# Chaeto (and a couple questions)



## JBen (Jan 13, 2012)

Returning to Salt after a long hiatus (many years). Back then wet/dry was new and all the rage. Kind of surprised at all the advancements/changes.

Sytems is up and running, all parameters stable and right where I want them. Only thing I'm keeping an eye on is my Nitrate at 3.0 and Phosphate at .25, all else at optimums.

So currently I'm trying to iron out some wrinkles, make minor adjustments to things that didn't go as planned or that I didn't foresee.

One such is a refuge.
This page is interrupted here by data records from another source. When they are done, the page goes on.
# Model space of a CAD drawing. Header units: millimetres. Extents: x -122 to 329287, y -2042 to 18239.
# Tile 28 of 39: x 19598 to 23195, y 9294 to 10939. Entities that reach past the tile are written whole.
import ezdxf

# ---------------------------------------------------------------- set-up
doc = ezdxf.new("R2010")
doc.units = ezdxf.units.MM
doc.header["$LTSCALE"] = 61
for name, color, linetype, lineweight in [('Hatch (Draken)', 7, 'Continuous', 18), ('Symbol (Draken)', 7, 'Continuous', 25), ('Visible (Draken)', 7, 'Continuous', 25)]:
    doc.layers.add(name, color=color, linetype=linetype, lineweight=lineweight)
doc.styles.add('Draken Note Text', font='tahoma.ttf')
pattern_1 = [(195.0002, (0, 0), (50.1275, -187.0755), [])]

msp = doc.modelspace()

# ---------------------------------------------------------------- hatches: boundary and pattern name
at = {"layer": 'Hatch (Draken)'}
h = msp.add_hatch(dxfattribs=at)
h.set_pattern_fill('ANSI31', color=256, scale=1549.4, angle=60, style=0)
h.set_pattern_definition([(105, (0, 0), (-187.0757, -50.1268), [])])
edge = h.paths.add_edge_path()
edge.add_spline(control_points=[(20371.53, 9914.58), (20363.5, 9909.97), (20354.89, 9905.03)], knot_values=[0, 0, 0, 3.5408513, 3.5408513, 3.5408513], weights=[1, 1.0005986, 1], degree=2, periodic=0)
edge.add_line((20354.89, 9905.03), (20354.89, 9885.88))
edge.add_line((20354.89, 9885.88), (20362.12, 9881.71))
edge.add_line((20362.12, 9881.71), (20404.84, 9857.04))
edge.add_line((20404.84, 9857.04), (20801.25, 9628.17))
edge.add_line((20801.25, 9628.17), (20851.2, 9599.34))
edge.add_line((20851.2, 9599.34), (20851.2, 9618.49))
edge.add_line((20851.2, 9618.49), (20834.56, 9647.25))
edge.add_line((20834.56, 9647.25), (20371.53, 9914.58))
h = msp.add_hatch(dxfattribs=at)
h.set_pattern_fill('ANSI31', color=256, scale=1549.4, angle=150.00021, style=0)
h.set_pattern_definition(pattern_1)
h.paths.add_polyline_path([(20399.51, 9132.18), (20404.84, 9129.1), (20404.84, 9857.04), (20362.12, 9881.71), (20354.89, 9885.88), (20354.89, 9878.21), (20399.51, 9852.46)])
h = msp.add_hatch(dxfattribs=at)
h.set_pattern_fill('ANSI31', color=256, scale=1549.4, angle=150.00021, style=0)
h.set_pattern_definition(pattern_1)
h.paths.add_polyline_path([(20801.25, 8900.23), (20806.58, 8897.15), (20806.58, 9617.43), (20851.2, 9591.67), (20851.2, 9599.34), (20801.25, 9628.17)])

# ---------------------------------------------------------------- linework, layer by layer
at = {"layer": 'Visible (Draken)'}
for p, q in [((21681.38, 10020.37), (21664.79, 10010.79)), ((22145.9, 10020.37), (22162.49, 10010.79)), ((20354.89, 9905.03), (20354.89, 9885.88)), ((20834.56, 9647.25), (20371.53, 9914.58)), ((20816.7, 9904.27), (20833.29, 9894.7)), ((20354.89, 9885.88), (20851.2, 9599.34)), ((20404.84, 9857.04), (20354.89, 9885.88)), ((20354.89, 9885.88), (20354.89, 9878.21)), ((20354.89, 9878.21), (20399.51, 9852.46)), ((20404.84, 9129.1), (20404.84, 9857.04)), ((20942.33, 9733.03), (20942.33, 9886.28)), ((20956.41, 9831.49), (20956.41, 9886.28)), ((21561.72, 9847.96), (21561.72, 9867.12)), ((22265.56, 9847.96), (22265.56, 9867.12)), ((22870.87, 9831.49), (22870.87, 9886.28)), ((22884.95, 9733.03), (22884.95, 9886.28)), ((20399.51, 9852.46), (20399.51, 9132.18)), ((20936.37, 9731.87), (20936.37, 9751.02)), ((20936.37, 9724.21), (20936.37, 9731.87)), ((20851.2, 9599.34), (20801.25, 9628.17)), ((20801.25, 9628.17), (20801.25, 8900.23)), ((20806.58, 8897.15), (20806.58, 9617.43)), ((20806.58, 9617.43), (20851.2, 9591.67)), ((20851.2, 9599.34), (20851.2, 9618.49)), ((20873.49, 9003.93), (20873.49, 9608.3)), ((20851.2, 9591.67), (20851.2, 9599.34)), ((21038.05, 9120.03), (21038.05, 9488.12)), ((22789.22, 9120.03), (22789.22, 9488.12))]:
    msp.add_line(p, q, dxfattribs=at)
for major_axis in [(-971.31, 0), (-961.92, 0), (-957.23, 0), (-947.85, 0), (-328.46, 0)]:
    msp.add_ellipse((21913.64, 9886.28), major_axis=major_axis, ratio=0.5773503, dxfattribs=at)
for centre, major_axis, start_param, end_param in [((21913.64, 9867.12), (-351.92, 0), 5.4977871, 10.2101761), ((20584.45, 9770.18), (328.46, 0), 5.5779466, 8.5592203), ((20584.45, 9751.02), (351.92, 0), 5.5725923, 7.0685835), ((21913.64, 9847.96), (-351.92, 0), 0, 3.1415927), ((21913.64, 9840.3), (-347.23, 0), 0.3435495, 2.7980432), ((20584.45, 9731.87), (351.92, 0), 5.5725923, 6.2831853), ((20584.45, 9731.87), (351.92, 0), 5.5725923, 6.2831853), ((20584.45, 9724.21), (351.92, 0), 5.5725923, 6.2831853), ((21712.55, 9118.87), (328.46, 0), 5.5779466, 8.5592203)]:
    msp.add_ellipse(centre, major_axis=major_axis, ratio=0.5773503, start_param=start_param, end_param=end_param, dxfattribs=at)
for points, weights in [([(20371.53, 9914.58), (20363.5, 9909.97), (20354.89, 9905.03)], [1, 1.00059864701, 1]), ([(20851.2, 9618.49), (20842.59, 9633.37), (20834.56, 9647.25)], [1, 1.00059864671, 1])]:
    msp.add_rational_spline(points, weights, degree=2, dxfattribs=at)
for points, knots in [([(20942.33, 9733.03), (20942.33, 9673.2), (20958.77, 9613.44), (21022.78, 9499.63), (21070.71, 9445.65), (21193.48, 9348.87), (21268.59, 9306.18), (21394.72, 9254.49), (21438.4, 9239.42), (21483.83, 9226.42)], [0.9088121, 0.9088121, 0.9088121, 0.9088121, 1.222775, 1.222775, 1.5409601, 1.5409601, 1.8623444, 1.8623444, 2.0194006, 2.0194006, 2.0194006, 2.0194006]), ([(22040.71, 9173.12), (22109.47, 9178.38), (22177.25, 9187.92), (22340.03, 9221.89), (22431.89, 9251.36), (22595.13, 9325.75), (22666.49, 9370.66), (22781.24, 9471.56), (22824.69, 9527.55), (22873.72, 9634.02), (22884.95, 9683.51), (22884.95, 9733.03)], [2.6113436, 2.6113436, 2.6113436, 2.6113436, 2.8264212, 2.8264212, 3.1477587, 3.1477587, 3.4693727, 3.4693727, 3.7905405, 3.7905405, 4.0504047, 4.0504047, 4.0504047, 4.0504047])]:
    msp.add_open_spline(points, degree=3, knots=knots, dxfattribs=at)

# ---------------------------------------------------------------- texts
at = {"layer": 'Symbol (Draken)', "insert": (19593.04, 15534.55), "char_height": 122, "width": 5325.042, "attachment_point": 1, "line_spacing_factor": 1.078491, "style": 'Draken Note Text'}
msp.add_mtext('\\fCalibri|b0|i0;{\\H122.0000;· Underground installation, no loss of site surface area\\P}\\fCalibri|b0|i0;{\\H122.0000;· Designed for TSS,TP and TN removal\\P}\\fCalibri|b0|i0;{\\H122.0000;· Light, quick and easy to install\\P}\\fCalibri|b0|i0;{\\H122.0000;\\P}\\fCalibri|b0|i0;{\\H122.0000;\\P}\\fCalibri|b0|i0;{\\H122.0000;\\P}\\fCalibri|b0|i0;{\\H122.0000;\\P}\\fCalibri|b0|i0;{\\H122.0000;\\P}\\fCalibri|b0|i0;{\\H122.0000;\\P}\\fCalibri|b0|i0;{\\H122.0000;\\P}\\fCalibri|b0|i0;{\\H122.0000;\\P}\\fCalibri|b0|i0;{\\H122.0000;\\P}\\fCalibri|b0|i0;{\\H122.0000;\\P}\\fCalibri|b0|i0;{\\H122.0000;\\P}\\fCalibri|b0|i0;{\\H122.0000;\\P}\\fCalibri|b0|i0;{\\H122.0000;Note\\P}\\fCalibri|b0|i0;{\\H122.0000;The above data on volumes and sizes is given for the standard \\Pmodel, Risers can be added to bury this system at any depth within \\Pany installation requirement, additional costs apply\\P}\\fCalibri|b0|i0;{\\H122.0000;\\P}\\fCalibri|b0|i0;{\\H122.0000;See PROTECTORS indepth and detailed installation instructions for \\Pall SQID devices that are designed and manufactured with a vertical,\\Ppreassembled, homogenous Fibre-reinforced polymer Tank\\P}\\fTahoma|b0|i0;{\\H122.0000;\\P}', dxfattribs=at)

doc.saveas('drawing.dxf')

I bought an Aqeuon Proflex 3 sump (20g). Nice unit, (thus far) however I had to scrap my plans of using the 2nd chamber as a refuge, due to evaporation. With both my return and skimmer in the 3rd and final smaller chamber, the water displacement is enough that daily 1g evaporation was dropping the water level 1.5inches and dangerously close to the return pumps intake. No margin of error. I know an ATO will resolve that, however Im dealing with space issue in the family room (its location) and an unsightly reservoir would be problematic.

So with the skimmer in the 2nd chamber and return pump in the 3rd, my plans for a refuge are at least shelved, if not canned. In lieu I've added a Phosban reactor (currently running a sea chem media product that helps with N03) but will likely switch out to Phosban/Phosgaurd.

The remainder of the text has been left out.